Rwanda : retour au pays martyr
Avec « Jacaranda », Gaël Faye livre un roman à la fois grave et enlevé, où lâchetés et compromissions voisinent avec les actes de solidarité
Gaël Faye n’est pas seulement un rappeur de talent (Pili-Pili sur un croissant au beurre, Lundi méchant, disque d’or…) ; il s’est aussi fait un nom en littérature avec son roman-phénomène, « Petit pays », vendu à plus de 300 000 exemplaires et couronné par treize prix littéraires, dont le prix du roman FNAC et le très apprécié Goncourt des lycéens. Le livre fut également adapté au cinéma par Eric Barbier.
Né à Bujumbura d’une mère tutsie réfugiée au Burundi dans les années 1960 et d’un père français, guide touristique spécialiste des crocodiles, il a fui son pays natal à l’âge de treize ans. Il est aujourd’hui installé à Kigali au Rwanda avec son épouse, dont les parents sont les fondateurs du Collectif des parties civiles pour le Rwanda, et leurs deux enfants.
Le roman, qui se déroule entre 1994 et 2020, raconte le Rwanda sur quatre générations. Milan, ainsi prénommé en hommage à Kundera, découvre vraiment le Rwanda à travers les images terribles diffusées au journal de 20 heures. Mais ses parents ne parlent jamais du pays qu’ils ont fui. Et c’est sans guère plus d’explications que Milan voit arriver chez lui, un petit garçon, que sa mère lui présente comme son cousin. Chétif et apeuré, Claude a le crâne entaillé par une cicatrice, et ne dit pas un mot. Ses nuits sont hantées par les cauchemars et Milan vint le calmer en le prenant dans ses bras. Un jour, Claude disparaît aussi soudainement qu’il était arrivé. Milan est effondré, il croyait avoir trouvé le petit frère qu’il n’avait jamais eu ; il se sent trahi.
Milan foulera pour la première fois le sol rwandais quatre ans plus tard – un peu à contrecœur – en compagnie de sa mère venue régler quelques affaires à Butare. Le premier contact avec la réalité rwandaise est rude : accueil abrupt de la grand-mère, hygiène et nourriture déplorables, tout le rebute. Mais peu à peu, il découvre derrière ce décor peu reluisant, une vie pleine de surprises. Il se fait des amis dans une sorte de squat nommé le Palais, où un dénommé Sartre, au milieu de milliers disques et de livres, règne sur une bande de jeunes orphelins à l’abandon, les mayibobos, tout en éclusant des litres de bière de banane et en tirant sur des pétards. C’est là que, pour sa plus grande joie, resurgira Claude. Bien d’autres personnages, souvent hauts en couleur, au destin tragique, apparaîtront peu à peu dans la vie de Milan, parmi lesquels une amie de sa mère, Eusébie, dont le mari et les quatre enfants ont été massacrés. Et une petite Stella qui a l’habitude d’aller se réfugier dans les plus hautes branches d’un jacaranda au tragique secret.

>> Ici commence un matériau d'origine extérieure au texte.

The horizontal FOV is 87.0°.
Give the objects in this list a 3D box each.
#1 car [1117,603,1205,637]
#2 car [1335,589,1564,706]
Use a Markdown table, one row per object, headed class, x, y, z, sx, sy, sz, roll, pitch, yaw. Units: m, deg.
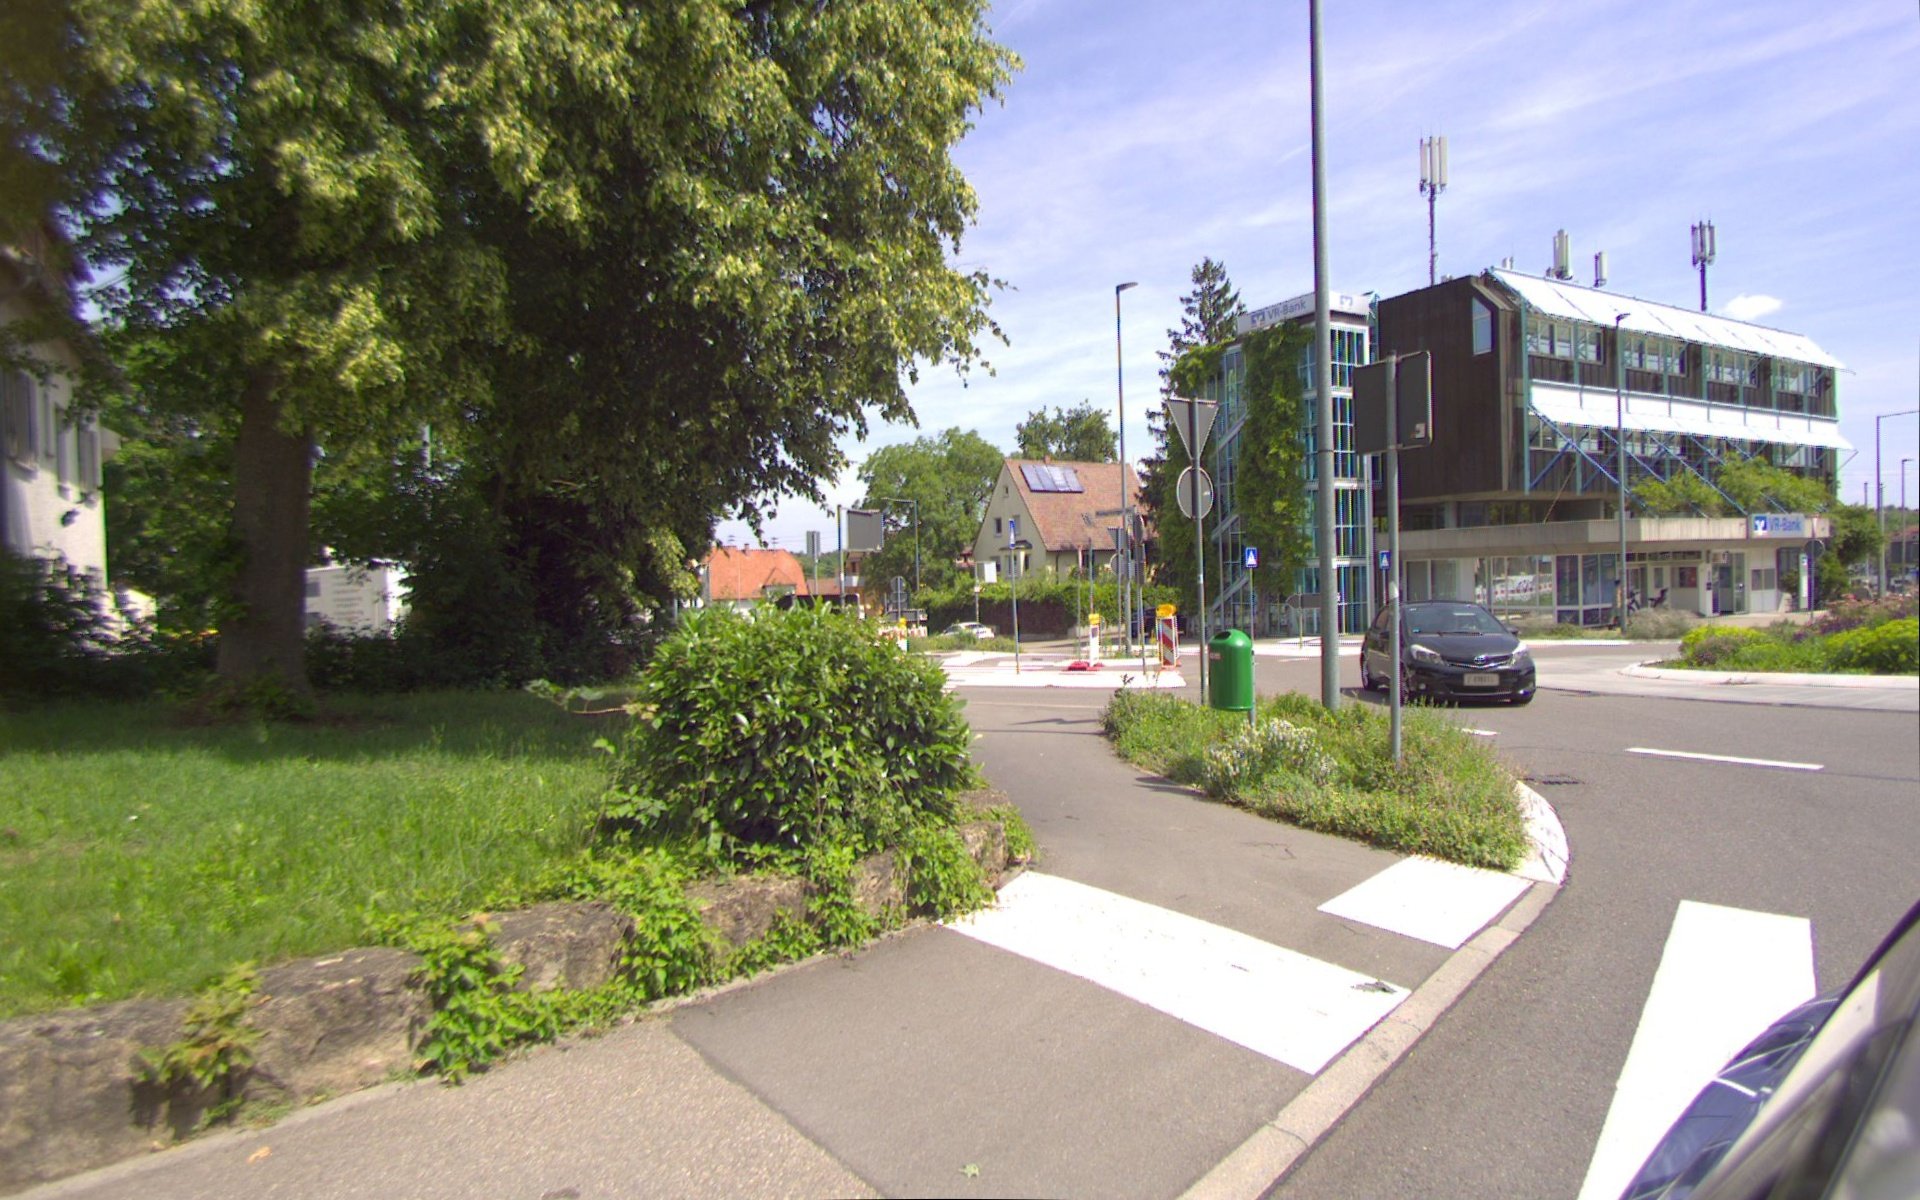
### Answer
| class | x | y | z | sx | sy | sz | roll | pitch | yaw |
| --- | --- | --- | --- | --- | --- | --- | --- | --- | --- |
| car | 10.487 | 1.026 | 52.710 | 4.142 | 1.455 | 1.866 | -4 | 0 | -27 |
| car | 7.260 | 0.629 | 15.546 | 1.697 | 1.475 | 4.422 | -2 | 0 | 6 |

Milan reviendra plusieurs fois au Rwanda, pays auquel il se sent profondément lié au point d’apprendre le kinyarwanda. Il s’y installe pour écrire une thèse sur les législations post-génocides depuis Nuremberg et les tribunaux populaires rwandais, les gacacas. Sa mère le décourage fortement de se lancer dans cette voie, moquant la naïveté dont il fait preuve en voulant ainsi remuer les strates nauséabondes d’un passé qui ne passe pas. Et déterrer des cadavres enfouis avec les secrets les plus inavouables. Avec « Jacaranda », Gaël Faye livre un roman à la fois grave et enlevé, nécessaire et frémissant, d’une grande justesse de ton, où lâchetés et compromissions n’empêchent pas les actes de solidarité admirables.
Gaël Faye – Jacaranda, Grasset, 282 pages, 20,90 euros.